━━ DATA SUPPLIED

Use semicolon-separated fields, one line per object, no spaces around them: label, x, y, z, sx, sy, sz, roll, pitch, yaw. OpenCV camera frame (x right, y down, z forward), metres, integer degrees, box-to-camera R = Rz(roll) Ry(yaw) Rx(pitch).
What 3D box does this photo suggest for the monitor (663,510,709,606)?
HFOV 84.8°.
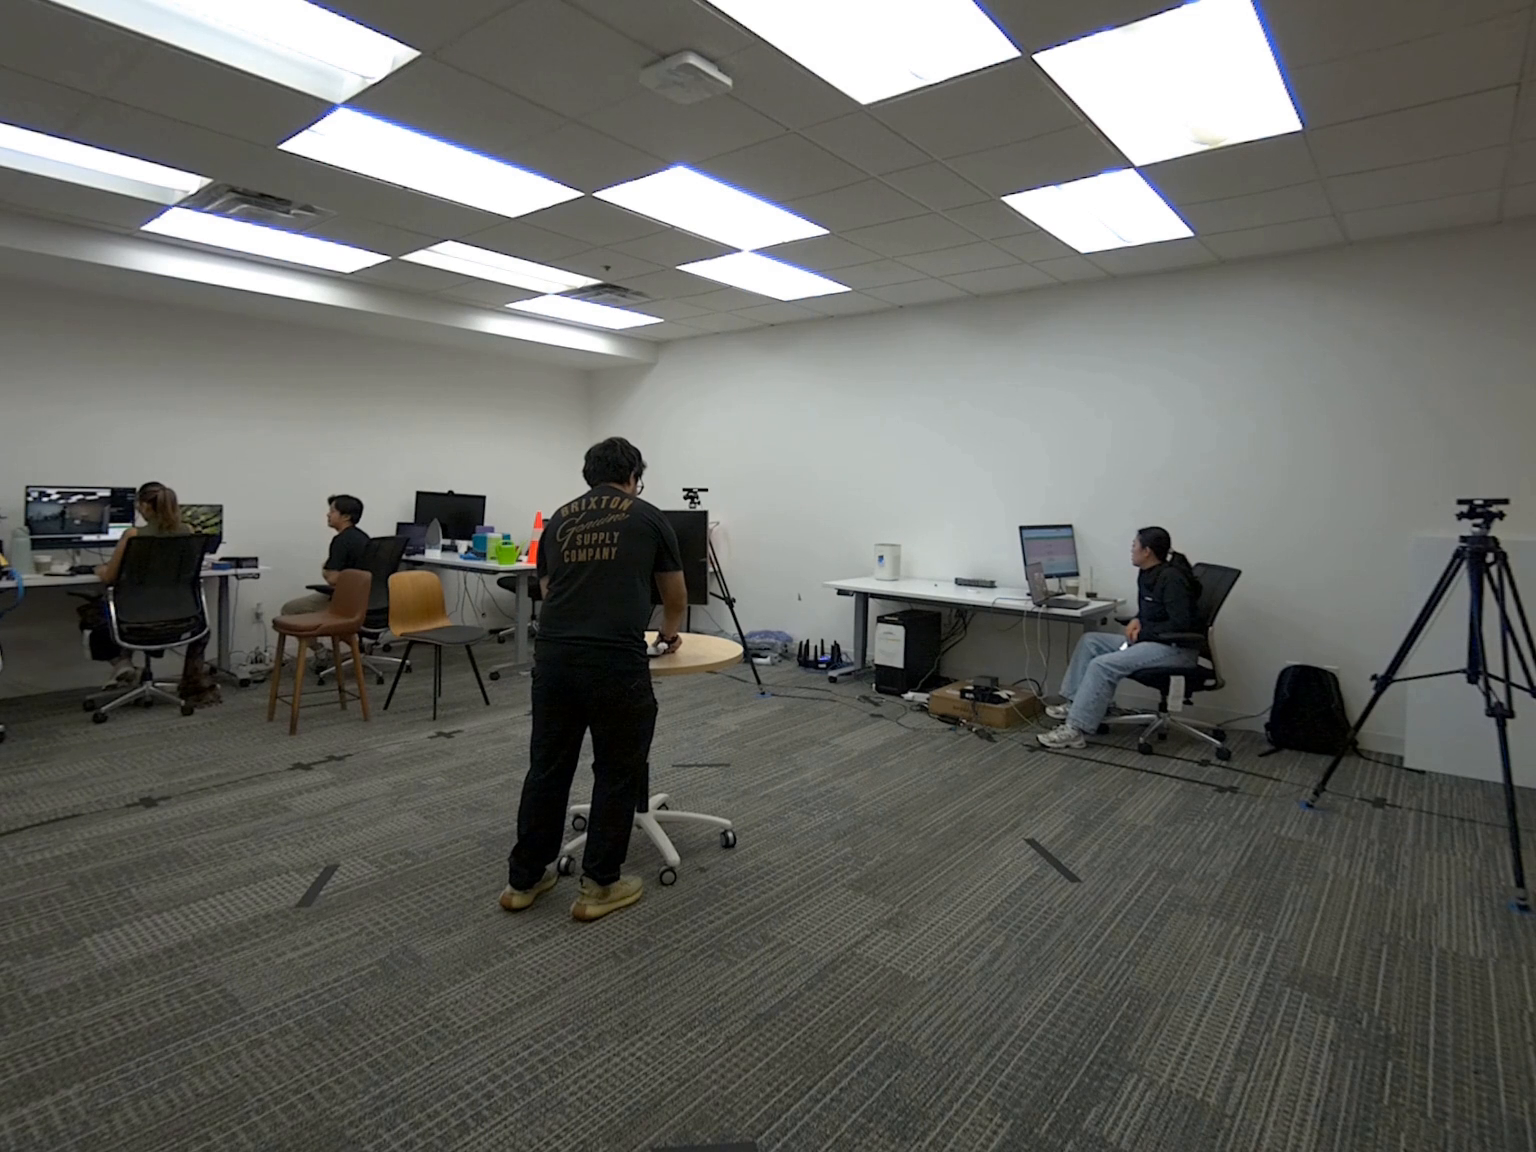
monitor;-0.511;0.024;3.144;0.569;0.551;0.210;2;5;6
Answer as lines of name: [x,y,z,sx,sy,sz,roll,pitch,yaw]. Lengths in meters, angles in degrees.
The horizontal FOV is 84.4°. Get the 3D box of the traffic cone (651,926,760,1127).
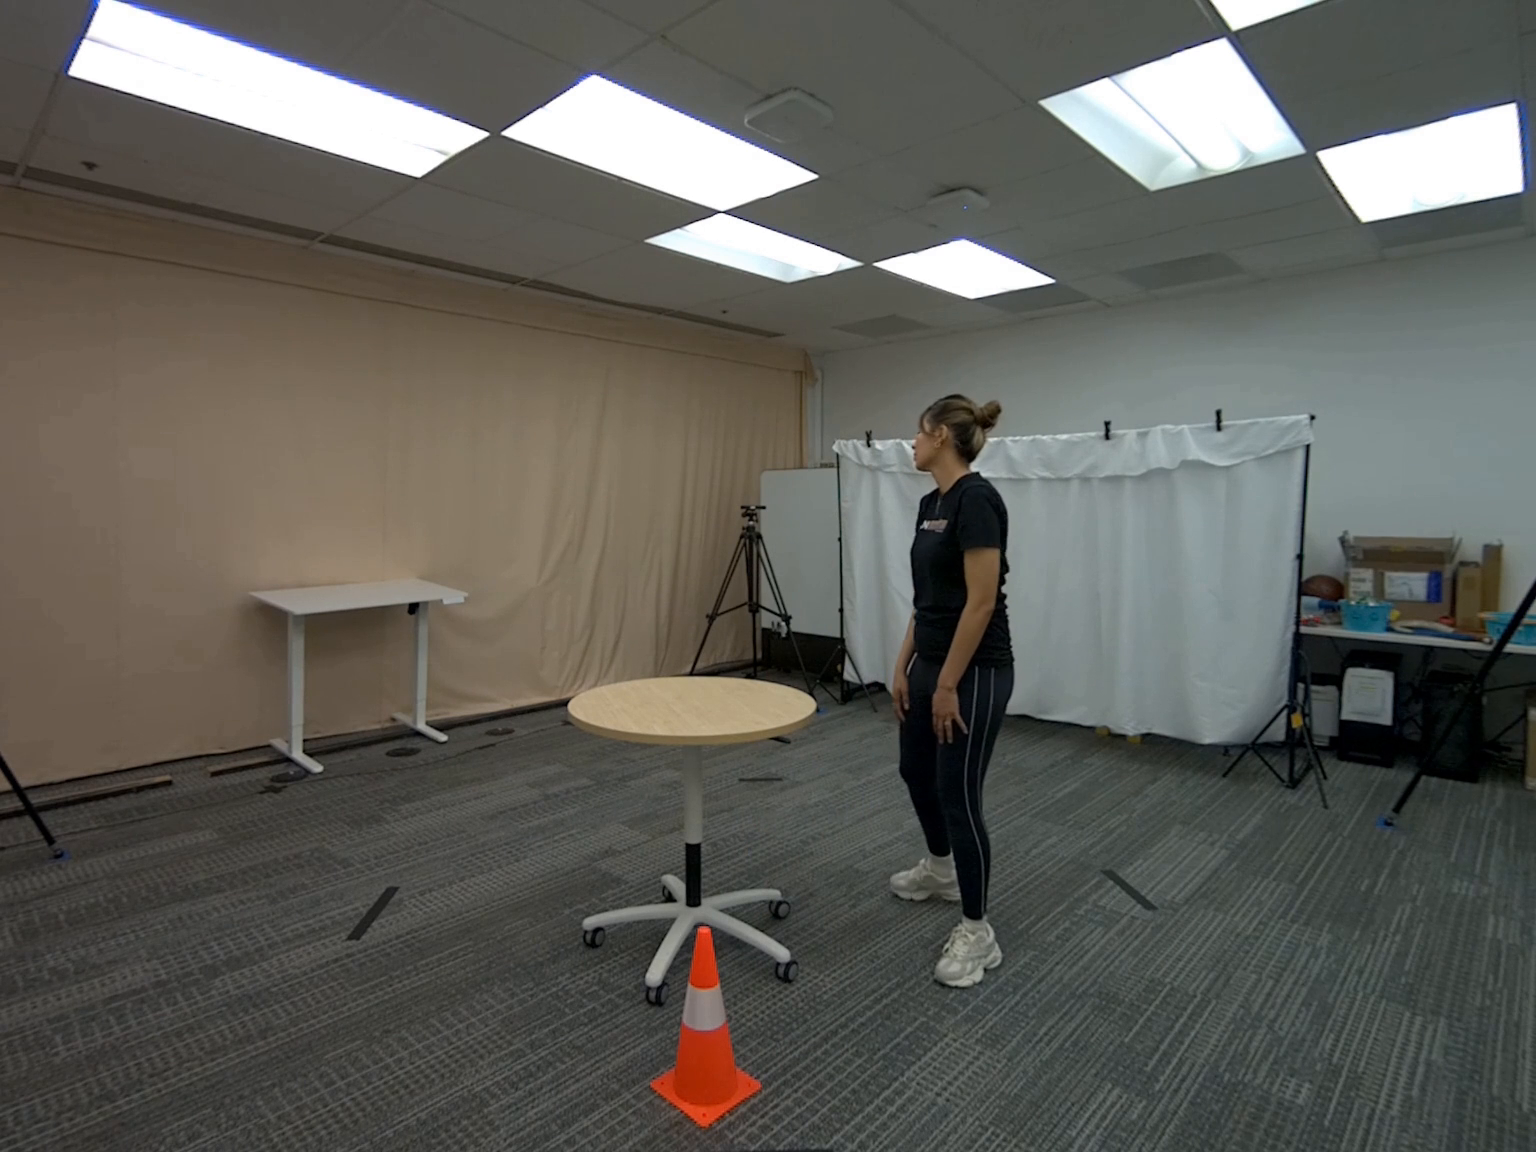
traffic cone: [-0.145,1.045,2.003,0.197,0.382,0.212,-4,5,-37]

━━━━

# WHAT TO PRODUCE:
In your copy of the material, match every word exactly and include no pictures.

# EXERCISE SOLUTION:
Use semicolon-separated fields, one line per object, no spaces around them: label, x, y, z, sx, sy, sz, roll, pitch, yaw. OpenCV camera frame (x right, y down, z forward), metres, integer degrees, box-to-camera R = Rz(roll) Ry(yaw) Rx(pitch).
What 3D box does this photo suggest for the monitor (663,510,709,606)?
HFOV 84.8°.
monitor;-0.511;0.024;3.144;0.569;0.551;0.210;2;5;6
Answer as lines of name: [x,y,z,sx,sy,sz,roll,pitch,yaw]. Lengths in meters, angles in degrees.
The horizontal FOV is 84.4°. Get the 3D box of the traffic cone (651,926,760,1127).
traffic cone: [-0.145,1.045,2.003,0.197,0.382,0.212,-4,5,-37]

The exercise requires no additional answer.